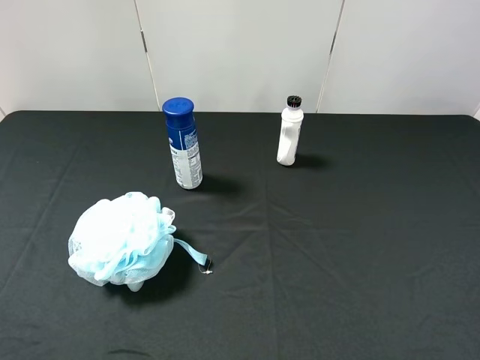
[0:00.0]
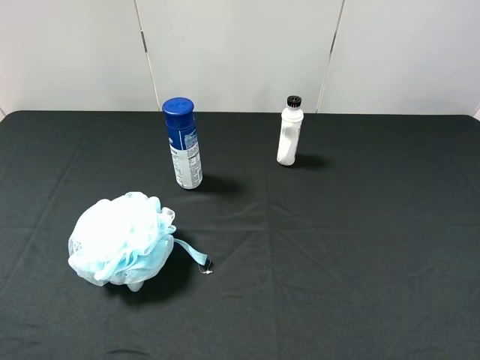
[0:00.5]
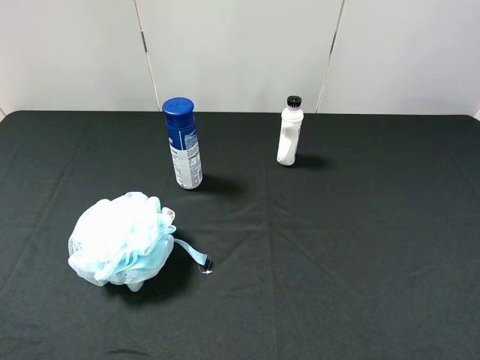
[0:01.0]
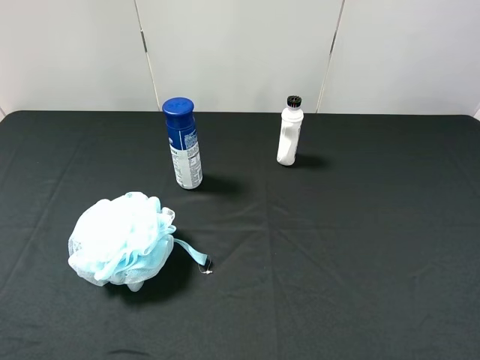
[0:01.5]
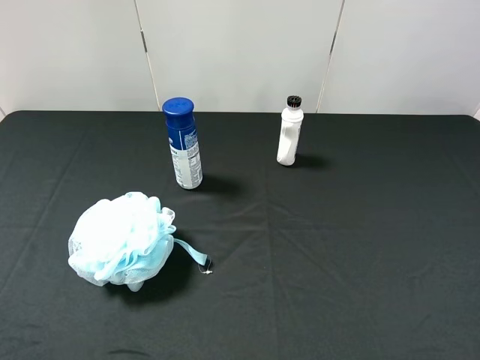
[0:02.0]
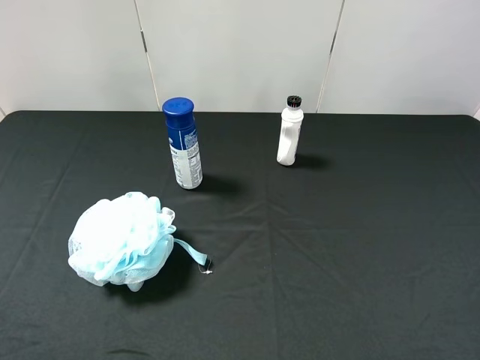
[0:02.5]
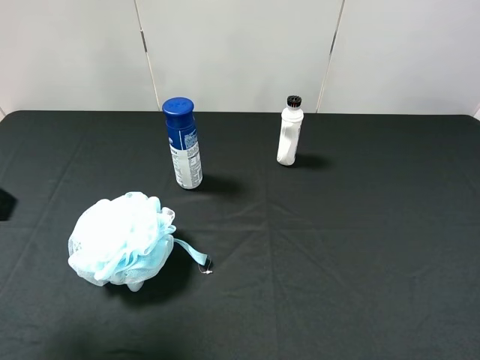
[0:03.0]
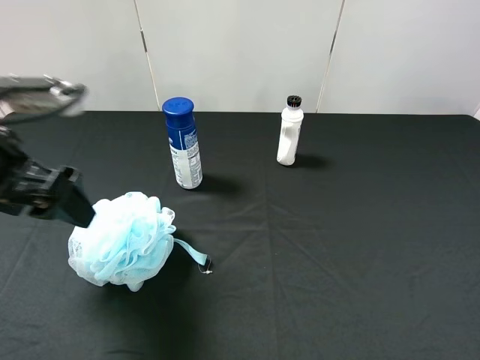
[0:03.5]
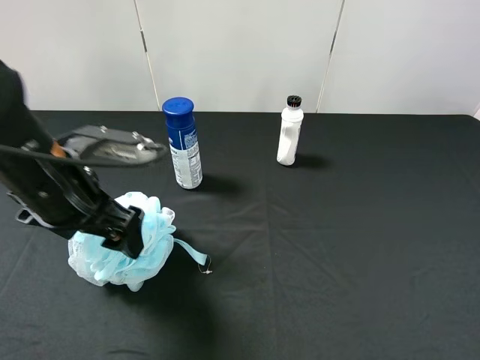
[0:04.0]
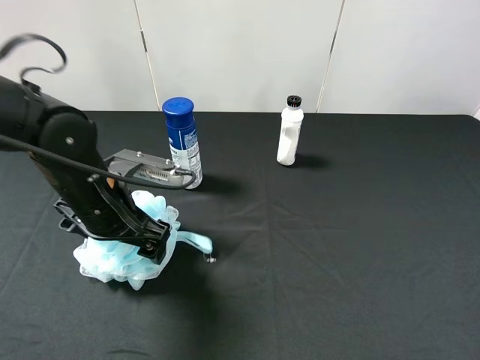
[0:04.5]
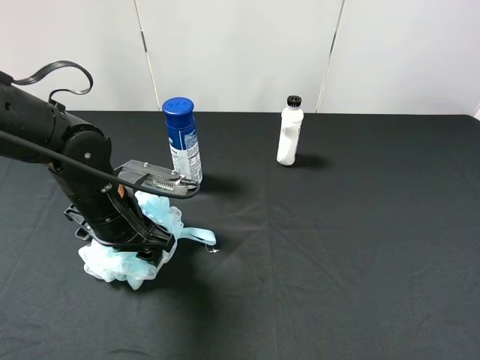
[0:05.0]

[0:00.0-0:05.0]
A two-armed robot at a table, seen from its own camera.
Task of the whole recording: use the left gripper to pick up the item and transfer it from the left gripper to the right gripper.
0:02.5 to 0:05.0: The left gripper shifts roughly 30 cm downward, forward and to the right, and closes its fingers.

══════════════════════════════

Pictures stay out; copy every entry above exactly.

[0:00.0]
[0:00.5]
[0:01.0]
[0:01.5]
[0:02.0]
[0:02.5]
[0:03.0]
[0:03.5]
[0:04.0]
[0:04.5]
[0:05.0]

[0:00.0-0:05.0]
A two-armed robot at a table, seen from its own camera.
Task of the whole recording: use the left gripper to pick up the item and transfer it from the left gripper to the right gripper.
0:02.5 to 0:05.0: The left gripper shifts roughly 30 cm downward, forward and to the right, and closes its fingers.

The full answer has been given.